Matt Drange,Rob Price
Fri, Jun 6, 2025, 9:17 AM 6 min read
A Business Insider analysis of more than a decade's worth of executive compensation data suggests that some corporate leaders could be enriching themselves by timing market-moving announcements around scheduled stock options grant dates.
Stock options give an employee the right to buy company shares at a fixed "strike" price, normally set on the day the option is awarded, and sell them later at market value.
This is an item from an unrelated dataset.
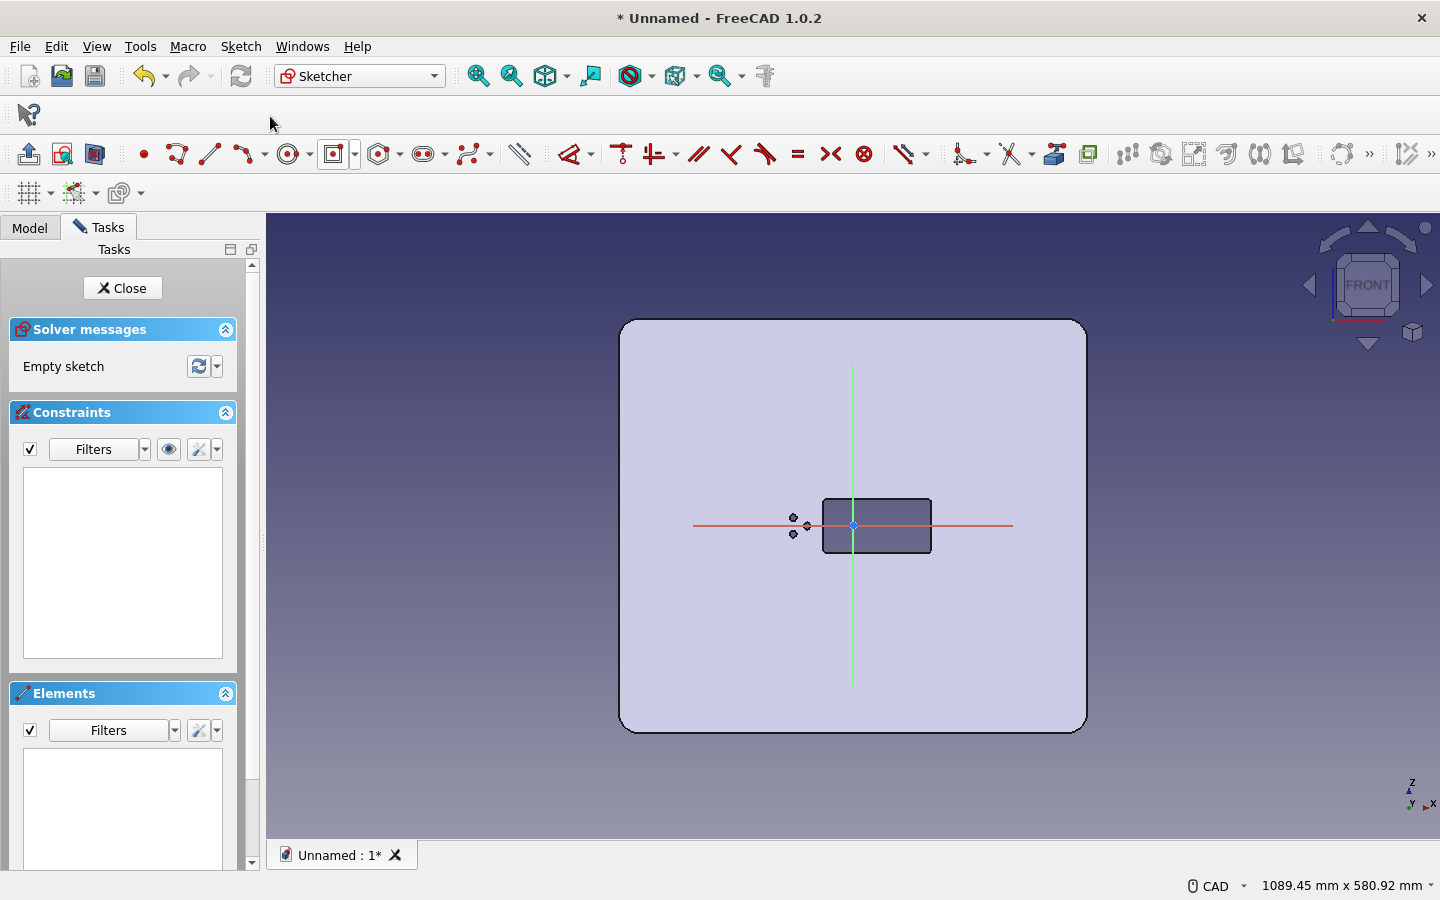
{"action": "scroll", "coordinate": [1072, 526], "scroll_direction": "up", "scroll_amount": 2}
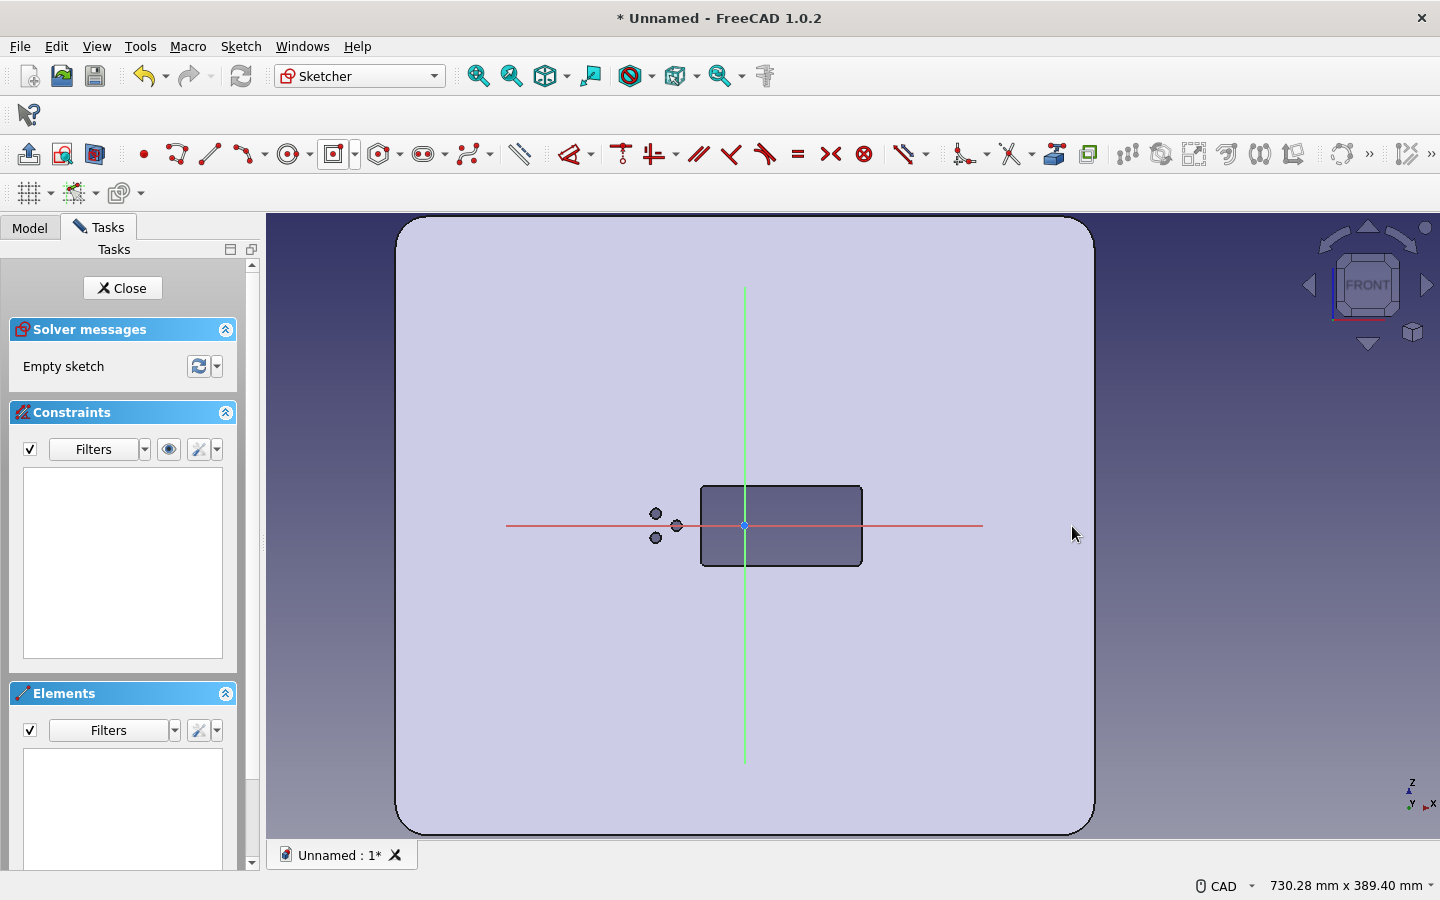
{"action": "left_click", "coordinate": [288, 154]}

Stock options are designed to be an incentive to improve company performance — the bigger the gap between the strike price and the eventual market sale price, the bigger the payday.
After the options backdating scandal of the late 2000s, in which executives at myriad publicly traded companies were found to have illegally altered grant dates to create lower strike prices, most companies addressed an obvious loophole by scheduling grant dates well in advance.
This created a new opportunity: Executives could time key announcements around these fixed dates, disclosing negative news just before granting options to drive the stock price down, or positive information soon afterward to drive it up.
Either scenario causes the strike price — and therefore the eventual cost to exercise the options — to be at a relative low point, creating an opportunity to earn a more handsome sum.
BI found a widespread pattern of a drop in some companies' share prices in the run-up to regularly scheduled grant dates, followed by a corresponding climb in the weeks afterwards.
"Statistically, there's no way this pattern is an accident," said Robert Schonlau, a finance professor at Colorado State University who studies executive compensation and analyzed BI's dataset. Schonlau, who coauthored a 2018 paper on the phenomenon, said researchers would expect price fluctuations to be random around an executive's grant date, "unless there is something else at play, that is nonrandom, and not understood by investors."
Schonlau dubbed it "options opportunism."
Options opportunism comes in two forms.
"Bullet-dodging" is when bad news — a product rollout has flopped, say — is released before a grant date, driving the share price down.
Companies also can hold good news — encouraging results from a drug trial, for example — until after a grant date, driving the share price up, a practice known as "spring-loading."
Either scenario offers executives a similar financial benefit to the backdating of years past, as their scheduled grant date coincides with a relatively low point in share price. This can help executives avoid the consequences of bad news on their watch or artificially build in gains from good news.